I LOVE THAT I CAN WORK VERY DISCIPLINED

I dislike how I am Afraid to defend my point of view

I dislike that i started Amfi without being willing to challenge myself

I love how I changed somebodies life in a positive manner


I love my patience when working (especially when sewing)


I love my courage for moving to amsterdam


I love how i can laugh about my mistakes and do not take things to seriously When it comes to social activities like sports or games, I do not take anything seriously, which is a good but can also be a little bad ability sometimes - depending on the person you do your social activities with - I am terrible at accepting criticism during my freetime, since I often feel overwhelmed already with the professional criticism I receive.


I dislike that i sometimes think that I am not worth it

I often feel that I am not worth a good grade or some luck. But why would I, when I worked hard for something. I also connect that thought a lot with feeling guilty to have so much luck being in this priviledged position.



I love that I am very responsible for the things i do and how i life


I love that I finally understood how important my mental/ Physical health is University has some super busy periods - like now. But despite the fact I am busy, I will not put the priority towards finishing the task, if it is damaging my mental or physical health. I also finally managed to prioritize my sleep.


I am not happy about my lacking self esteem


i dislike that i am jealous of other peoples abilities and results Fortunately I already got better at accepting my own strengths and weaknesses and can say that this jealousy is slowing decreasing. I was jealous of people who could draw , work faster, get better grades. But luckily this is over now.


I dislike that it is so difficult to me to say no I can also say that this got better during this year. Sometimes I overload myself with work, whether it is on a personal or professional level. There are times where you have to say no to protect your own health.

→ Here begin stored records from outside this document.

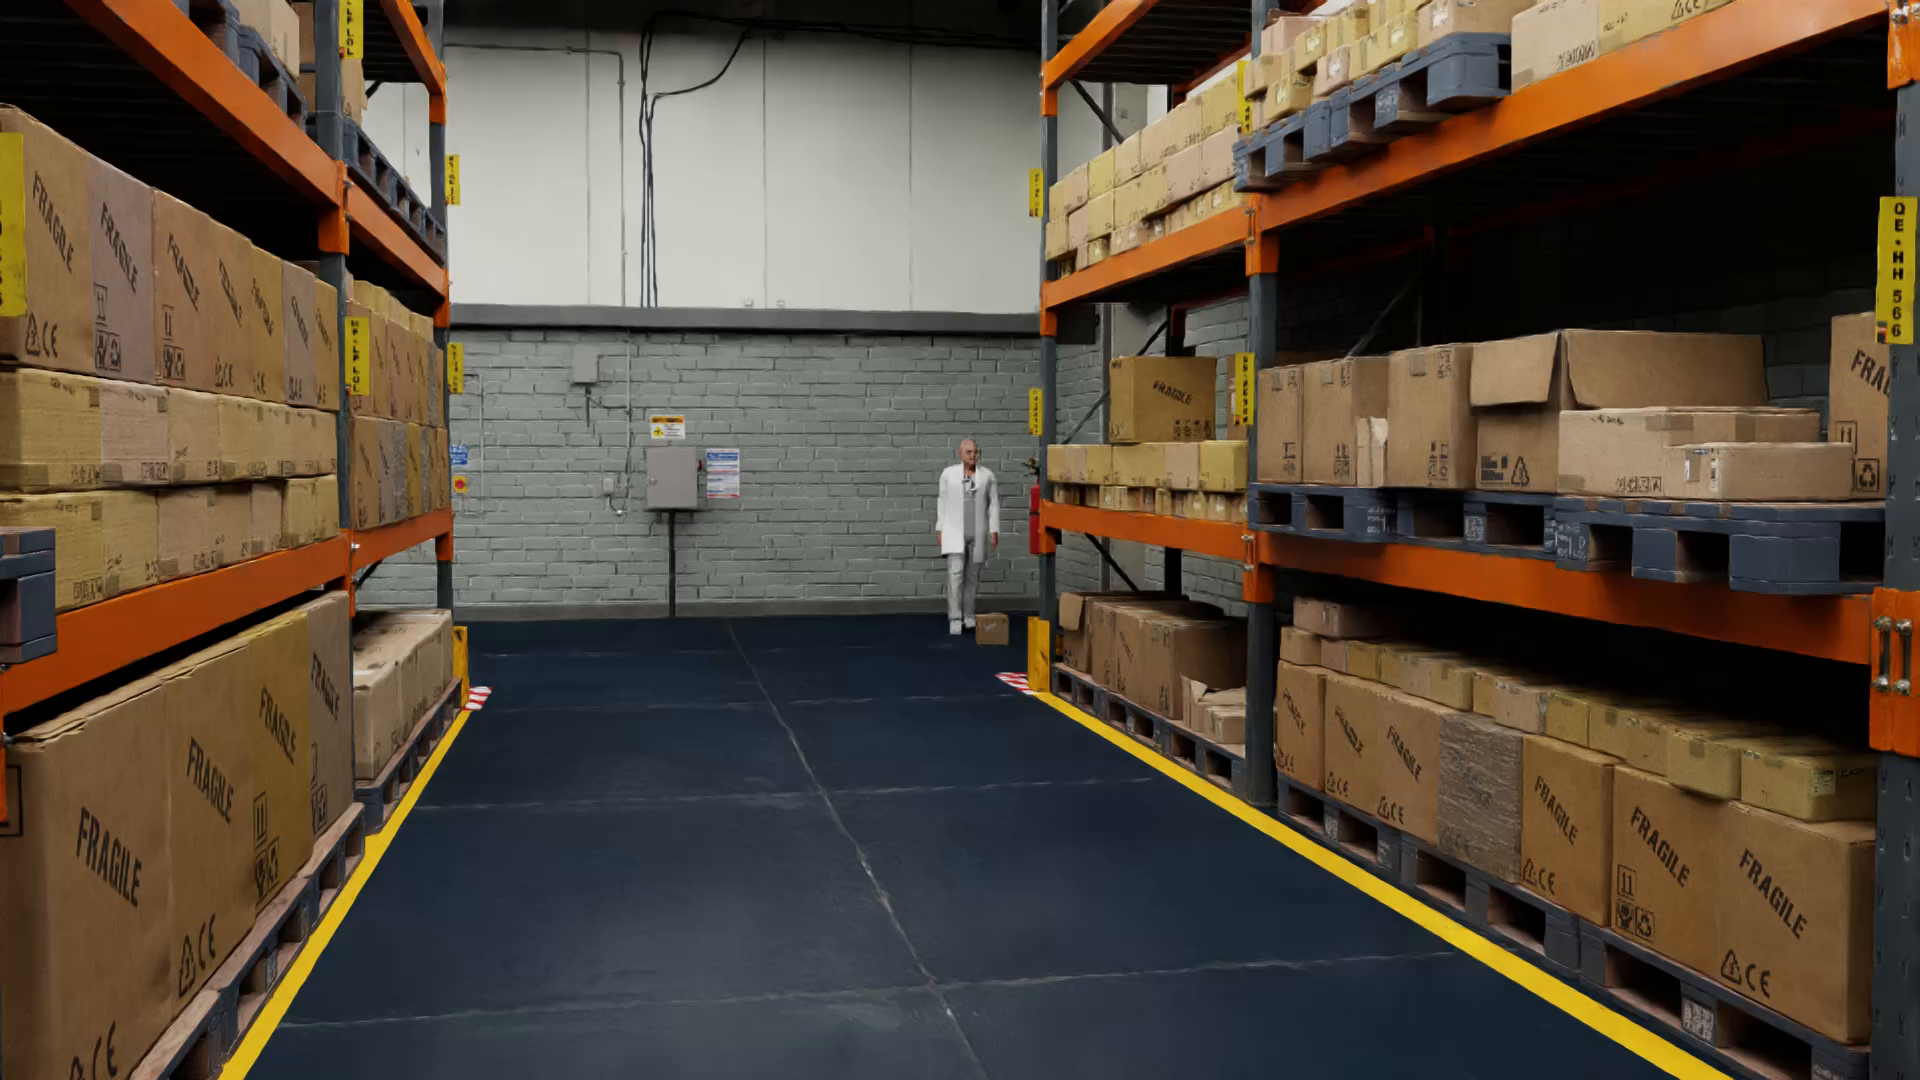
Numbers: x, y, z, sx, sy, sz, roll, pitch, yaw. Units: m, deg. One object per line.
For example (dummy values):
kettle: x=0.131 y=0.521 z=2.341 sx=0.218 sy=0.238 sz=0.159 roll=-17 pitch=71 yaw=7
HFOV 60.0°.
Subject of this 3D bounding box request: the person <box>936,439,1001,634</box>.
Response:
person: x=0.098 y=-0.050 z=15.382 sx=0.577 sy=1.773 sz=0.760 roll=-1 pitch=3 yaw=-14

I love about myself that I care so deeply for the people around me


conclusion

But whatever you read here: I love myself for who I am This project started from a university perspective and moved into a very personal point of view by really judging myself on the things I like and the things I dislike about myself as a person. This should not convey a negative message if there is just black and white but more a deep personal reflection on myself and how I would to drive positive change within me. It was very helpful to look at myself from a viewers perspective and deeply look at myself from this perspective - it felt like a Swat Analysis of myself to also understand where some change could happen as well or how I can educate myself to change my points of views and develop to a more evolved person. However, all of these notes do not say that I am unhappy with myself, I am proud that I finally found myself in the position to reflect on myself on a very personal level and also find solutions and other thoughts about why this characteristic, although I am not happy about being like that, might not be so bad in the end and ends up to be a strenght and not a weakness. To all the readers out there, I can just suggest this kind of Self-Reflection to everybody to become more clear about yourself.